──「心をgitで管理する世界」の物語で、自分がみているのはfetchした時点の友人
〈ショートストーリー〉
田中とは、それからもたまに連絡を取った。
会えば、昔の話だ。文化祭、屋上、担任のあだ名。高校のあたりのcommitを、何度もcheckoutしては転がして遊ぶ。そこだけは二人とも、すらすら出てくる。
新しい話は、しない。
お互いの「今」を少しだけ話して、そしてどちらからともなく、また昔へ戻る。新しいcommitは、一つもpushされないまま流れていく。会えば昔、会えば昔。私たちの友情は、いつのまにか高3のタグみたいになっていた。会いに行ける。なつかしい。でも、新しい一日は、もう書き足せない。
一度、夜遅くに田中からいつもより長い連絡が来た。仕事のことで、何かうまくいっていないようだった。昔の田中になら、電話して朝まで聞いていた。
私は、画面をしばらく見て ── 結局、スタンプを一つ送った。気のきいた言葉が出てこなかった。疲れてもいた。明日、ちゃんと返そう、と思った。
明日は来た。返事はしなかった。彼のその夜は、私の中にfetchされないまま流れていった。
たぶん、向こうにもこういう夜があったのだろう。私が送らなかった何かを、向こうもどこかで待っていたのかもしれない。
別れぎわ、いつも同じことを言い合う。
「お前、変わらないなあ」
ずっと、ほめ言葉だと思っていた。
ある日、気づいた。あれは、約束だったのだ。
── お互い、fetchしないでおこうな。
更新しないでおこう。お前は、俺の中の、あの頃のお前のままでいてくれ。俺も、お前の中で、そうしている。fetchしてしまえば、なつかしい十八歳は、今の田中に上書きされる。それはたぶん、本物の田中だ。でも、二人で笑える田中ではなくなる。
だから私たちは、fetchしない。古いまま、会う。古いまま、笑う。
それは、優しさのような気もした。臆病の、別の名前のような気もした。
会うほどに、けれど、田中は遠くなった。
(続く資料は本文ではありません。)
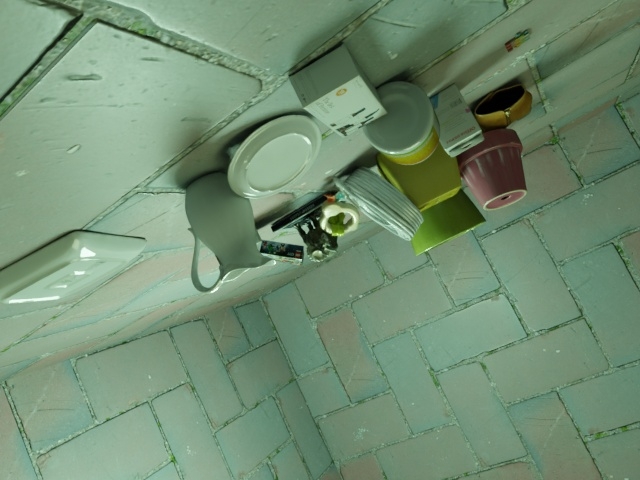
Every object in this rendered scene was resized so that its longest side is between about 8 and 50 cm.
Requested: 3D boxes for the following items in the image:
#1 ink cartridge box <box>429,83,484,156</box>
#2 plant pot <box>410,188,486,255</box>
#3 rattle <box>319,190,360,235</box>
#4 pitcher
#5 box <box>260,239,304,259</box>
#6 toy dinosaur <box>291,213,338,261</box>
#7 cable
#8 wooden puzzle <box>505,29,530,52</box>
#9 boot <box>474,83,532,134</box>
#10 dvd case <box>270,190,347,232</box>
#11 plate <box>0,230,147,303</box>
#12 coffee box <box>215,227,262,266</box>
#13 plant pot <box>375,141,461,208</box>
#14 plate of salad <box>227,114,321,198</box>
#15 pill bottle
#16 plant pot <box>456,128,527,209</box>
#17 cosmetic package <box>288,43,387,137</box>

なつかしさのぶんだけ、今の田中から離れていく。
楽しかった。会うたび、確かに楽しかった。
ただ、その楽しさは、二十年前の二人の楽しさだった。
〈技術ノート〉── fetchしていない
ノートは答え合わせではない。物語が嘘をついた、ちょうどその場所の地図である。
物語が嘘をついた場所
「お前、変わらないなあ」── この実感が、嘘だ。
田中は、変わっている。変わっていないのは、私の中の田中だ。正確にはorigin/田中 ── 私が最後にfetchした時点の、彼のキャッシュ。それが古いまま固まっている。だから私には本当に、彼が変わらなく見える。彼の側に異常があるのではない。私が取り寄せていないだけだ。
remote-tracking branch(origin/田中のような枝)は、相手の現在ではない。私のリポジトリの中に置かれた、相手の複製の、しかも古い版だ。これはfetchしたときにしか動かない。サボれば、何年でも止まる。
そしてもう一つ。「fetchすれば、彼が更新される」も、少しずれている。
-
fetch ── 相手の新しいcommitを取り寄せ、
origin/田中を最新に進める。彼の近況を読めるようにはなる。だが、私自身(私の枝)は、まだ何も変わらない。 -
pull ──
fetchした上で、それを自分の枝にmergeする。相手の二十年を、自分の人生に取り込んで初めて、こちらの側が動く。
田中の近況を「知る」だけなら、fetchで足りる。彼を自分ごととして引き受けるのが、pull。私たちは、その手前 ── 取り寄せることすら、しないと約束した。
正しい名前
| 物語の言葉 | gitの正名 |
|---|---|
| 私の中の、十八歳のままの田中 |
origin/田中(remote-tracking branch)=最後にfetchした時点の古いキャッシュ。相手の現在ではない |
| 取り寄せる | fetch=相手の新しいcommitを取り寄せ、キャッシュを進める(自分の枝は変わらない) |
| 自分ごとにする | pull=fetch+merge。取り寄せた上で、自分に統合する |
| 古いまま、会い続ける | 未fetchの常態=取り寄せないから、相手がpush済みでも手元のキャッシュは古いまま |
要点
-
「変わらない」のは相手ではなく、自分のキャッシュ。
origin/相手はfetchでしか動かない。サボった年数ぶん、ズレる。 - fetchは読むだけ、pullは引き受ける。 近況を知るのと、相手の変化を自分の人生に取り込むのは、別の操作。
- 取り寄せられるのは、相手がpushしたものだけ。 相手がpushしていなければ、fetchしても新しいものは来ない。「相手の現在そのもの」には、そもそも誰も直接は触れない。